Site-Specificity, Linker Stability, General Applicability

Through incubation with restriction-grade thrombin, Cy3HZ-labeled Ald6N-PolBI was cleaved at the thrombin site between the aldehyde tag and main protein (see Supplementary Note 4 for amino acid maps), producing a small N-terminal fragment that was fluorescent and a large C-terminal fragment that was nonfluorescent (Fig. 2a and see Supplementary Fig. 2 for the case of Ald6N-DinB). These results demonstrate that only the N-terminal region of PolBI or DinB containing the aldehyde tag was labeled despite the high concentration of dye used. In comparison, a widely used method that targets the N-terminal α-amine at pH 7.0 (Supplementary Fig. 3)21 by utilizing the difference in pKa and, thus, reactivity between this group and the ε-amine of lysines did not result in N-terminal specific labeling, as evaluated by the same restrictive proteolysis assay (Supplementary Note 5).

Figure 2.

Figure 2

General applicability of labeling an aldehyde-tagged protein. (a) Fluorescence (left) and white-light (right) images of a gel for Cy3HZ-labeled Ald6N-PolBI after incubation with thrombin (+Thrombin) or no thrombin (Control). The nonfluorescent band between 25 and 37 kDa in thrombin-treated sample is from thrombin. (b) Normalized UV-Vis spectra (left) and the labeling kinetics (right) of Ald6N-PolBI incubated with 40.5 mM Cy5HZ under the condition shown in Fig. 1a. (c) Detection of the fragment ions from an Ald6N-PolBI’s N-terminal peptide using high-resolution mass spectrometry. (d) Separation of Cy3-labeled DinB from unlabeled protein in a partially labeled sample of Ald6N-DinB using hydrophobic interaction chromatography.

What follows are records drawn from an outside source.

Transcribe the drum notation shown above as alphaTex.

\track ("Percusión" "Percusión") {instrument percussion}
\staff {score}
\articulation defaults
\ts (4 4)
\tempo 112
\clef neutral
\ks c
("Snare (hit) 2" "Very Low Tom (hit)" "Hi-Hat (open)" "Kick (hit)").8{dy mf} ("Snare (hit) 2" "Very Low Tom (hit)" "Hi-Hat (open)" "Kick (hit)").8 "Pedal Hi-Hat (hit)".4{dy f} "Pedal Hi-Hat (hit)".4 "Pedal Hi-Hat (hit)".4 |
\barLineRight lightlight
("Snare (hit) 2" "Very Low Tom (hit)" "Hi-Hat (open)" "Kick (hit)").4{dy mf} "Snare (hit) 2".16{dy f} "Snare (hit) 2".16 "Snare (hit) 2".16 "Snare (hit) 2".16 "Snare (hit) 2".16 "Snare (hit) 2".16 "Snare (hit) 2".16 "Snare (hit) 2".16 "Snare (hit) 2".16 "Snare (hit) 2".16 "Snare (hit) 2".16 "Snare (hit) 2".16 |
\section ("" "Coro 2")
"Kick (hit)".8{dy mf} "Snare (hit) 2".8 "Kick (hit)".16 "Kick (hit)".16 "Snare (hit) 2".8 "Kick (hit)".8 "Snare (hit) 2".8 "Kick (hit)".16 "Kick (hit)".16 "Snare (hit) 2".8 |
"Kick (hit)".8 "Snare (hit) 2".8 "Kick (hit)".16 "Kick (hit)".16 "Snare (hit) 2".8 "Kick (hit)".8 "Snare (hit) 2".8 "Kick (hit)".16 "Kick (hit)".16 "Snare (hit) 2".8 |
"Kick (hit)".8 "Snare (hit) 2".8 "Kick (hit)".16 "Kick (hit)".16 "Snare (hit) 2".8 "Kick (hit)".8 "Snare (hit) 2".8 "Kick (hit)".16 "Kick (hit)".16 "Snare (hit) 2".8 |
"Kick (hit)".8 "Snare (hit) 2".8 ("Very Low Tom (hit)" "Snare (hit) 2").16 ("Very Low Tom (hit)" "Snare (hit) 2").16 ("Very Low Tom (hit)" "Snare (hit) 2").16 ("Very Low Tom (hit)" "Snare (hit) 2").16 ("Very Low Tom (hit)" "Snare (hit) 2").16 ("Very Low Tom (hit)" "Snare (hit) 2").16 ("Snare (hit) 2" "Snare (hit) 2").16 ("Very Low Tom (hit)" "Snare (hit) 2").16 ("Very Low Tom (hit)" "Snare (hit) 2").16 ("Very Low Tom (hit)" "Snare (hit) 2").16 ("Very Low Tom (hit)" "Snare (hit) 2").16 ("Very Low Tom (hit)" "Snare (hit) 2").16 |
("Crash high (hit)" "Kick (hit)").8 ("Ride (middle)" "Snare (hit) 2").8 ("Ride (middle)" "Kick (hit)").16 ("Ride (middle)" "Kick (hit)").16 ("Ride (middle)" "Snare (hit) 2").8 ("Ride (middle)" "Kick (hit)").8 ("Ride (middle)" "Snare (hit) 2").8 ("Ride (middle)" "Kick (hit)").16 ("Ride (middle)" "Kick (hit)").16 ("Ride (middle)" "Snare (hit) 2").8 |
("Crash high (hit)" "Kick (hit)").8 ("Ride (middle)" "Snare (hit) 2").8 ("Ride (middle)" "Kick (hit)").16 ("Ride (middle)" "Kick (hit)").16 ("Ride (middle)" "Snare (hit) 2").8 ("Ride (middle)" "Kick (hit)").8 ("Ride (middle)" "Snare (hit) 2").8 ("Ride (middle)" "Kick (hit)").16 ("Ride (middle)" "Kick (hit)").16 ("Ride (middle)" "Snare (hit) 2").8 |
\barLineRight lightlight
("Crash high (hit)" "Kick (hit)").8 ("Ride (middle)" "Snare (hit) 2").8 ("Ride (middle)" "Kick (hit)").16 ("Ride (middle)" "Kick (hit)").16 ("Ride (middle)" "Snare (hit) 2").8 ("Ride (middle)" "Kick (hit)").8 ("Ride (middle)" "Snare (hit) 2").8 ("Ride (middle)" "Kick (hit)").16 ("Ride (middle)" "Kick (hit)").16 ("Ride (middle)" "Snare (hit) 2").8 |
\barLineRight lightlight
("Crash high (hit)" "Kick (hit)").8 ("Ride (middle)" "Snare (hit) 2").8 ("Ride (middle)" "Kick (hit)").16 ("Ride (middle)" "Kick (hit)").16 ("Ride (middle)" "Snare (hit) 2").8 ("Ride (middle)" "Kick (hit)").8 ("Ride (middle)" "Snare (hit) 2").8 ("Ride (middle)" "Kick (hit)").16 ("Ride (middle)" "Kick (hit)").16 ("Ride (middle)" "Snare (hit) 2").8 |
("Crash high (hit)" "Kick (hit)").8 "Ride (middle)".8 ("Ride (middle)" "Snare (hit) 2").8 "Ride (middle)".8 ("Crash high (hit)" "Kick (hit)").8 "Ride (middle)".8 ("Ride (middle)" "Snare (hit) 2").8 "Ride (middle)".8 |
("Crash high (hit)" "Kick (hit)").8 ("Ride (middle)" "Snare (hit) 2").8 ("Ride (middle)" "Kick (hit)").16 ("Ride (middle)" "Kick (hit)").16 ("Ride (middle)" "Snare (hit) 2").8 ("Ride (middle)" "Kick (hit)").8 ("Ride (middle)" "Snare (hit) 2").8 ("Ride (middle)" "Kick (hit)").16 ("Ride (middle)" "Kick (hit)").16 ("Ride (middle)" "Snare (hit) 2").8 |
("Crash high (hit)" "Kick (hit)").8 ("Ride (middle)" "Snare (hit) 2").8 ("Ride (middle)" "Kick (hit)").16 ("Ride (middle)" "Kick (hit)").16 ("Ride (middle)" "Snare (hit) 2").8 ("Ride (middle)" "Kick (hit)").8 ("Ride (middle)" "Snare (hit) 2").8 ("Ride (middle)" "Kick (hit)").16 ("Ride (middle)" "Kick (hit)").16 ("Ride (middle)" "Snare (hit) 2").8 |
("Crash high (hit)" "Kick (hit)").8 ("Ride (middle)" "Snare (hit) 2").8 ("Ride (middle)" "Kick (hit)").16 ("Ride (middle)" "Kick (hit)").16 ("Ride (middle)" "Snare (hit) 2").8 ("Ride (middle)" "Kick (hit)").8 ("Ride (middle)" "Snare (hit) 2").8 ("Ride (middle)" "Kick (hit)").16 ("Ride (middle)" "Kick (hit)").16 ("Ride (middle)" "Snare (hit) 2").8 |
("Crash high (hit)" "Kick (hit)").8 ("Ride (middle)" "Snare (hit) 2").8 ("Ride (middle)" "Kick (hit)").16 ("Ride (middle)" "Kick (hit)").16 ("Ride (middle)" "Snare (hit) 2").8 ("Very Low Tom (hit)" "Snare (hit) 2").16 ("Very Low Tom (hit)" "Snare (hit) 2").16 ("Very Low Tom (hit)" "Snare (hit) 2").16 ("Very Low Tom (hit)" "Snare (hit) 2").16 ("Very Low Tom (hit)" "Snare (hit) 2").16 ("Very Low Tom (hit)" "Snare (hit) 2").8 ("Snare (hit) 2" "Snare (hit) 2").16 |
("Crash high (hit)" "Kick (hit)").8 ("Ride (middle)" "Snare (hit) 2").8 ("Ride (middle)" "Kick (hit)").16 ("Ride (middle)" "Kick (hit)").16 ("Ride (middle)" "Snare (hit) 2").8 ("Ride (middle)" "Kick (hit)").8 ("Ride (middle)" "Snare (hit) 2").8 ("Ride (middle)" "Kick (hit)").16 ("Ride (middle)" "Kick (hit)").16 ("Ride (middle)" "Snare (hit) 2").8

We tested the hydrolytic stability of the hydrazone linker formed between the fluorophore and protein and observed only a negligible loss of the fluorophore from protein after several days of incubation under standard polymerase storage conditions, indicating good stability of the hydrazone linker therein (Supplementary Fig. 4).

Besides Cy3, the labeling of Ald6N-PolBI with Cy5 hydrazide (Cy5HZ) was also quantitative under similar conditions (Fig. 2b), allowing us to label two DNA polymerases with different fluorophores and to observe their transient interactions as discussed later. Such quantitative labeling can probably be extended to other fluorophores such as Alexa555 and 647, because many fluorophores are commercially available in aldehyde-reactive forms and are highly water soluble.

The procedure optimized for PolBI also improved the labeling efficiency of DinB from ~5 to 60%, but not quantitative yet (Supplementary Note 6). Unlike Ald6N-PolBI, which exhibits a complete cysteine-to-formylglycine conversion in vivo (Fig. 2c), Ald6N-DinB shows only incomplete aldehyde biosynthesis, limiting the maximal labeling efficiency achievable. By employing hydrophobic interaction chromatography,22 we separated Cy3HZ-labeled Ald6N-DinB from unlabeled protein (Fig. 2d), thereby obtaining ~100% labeled protein.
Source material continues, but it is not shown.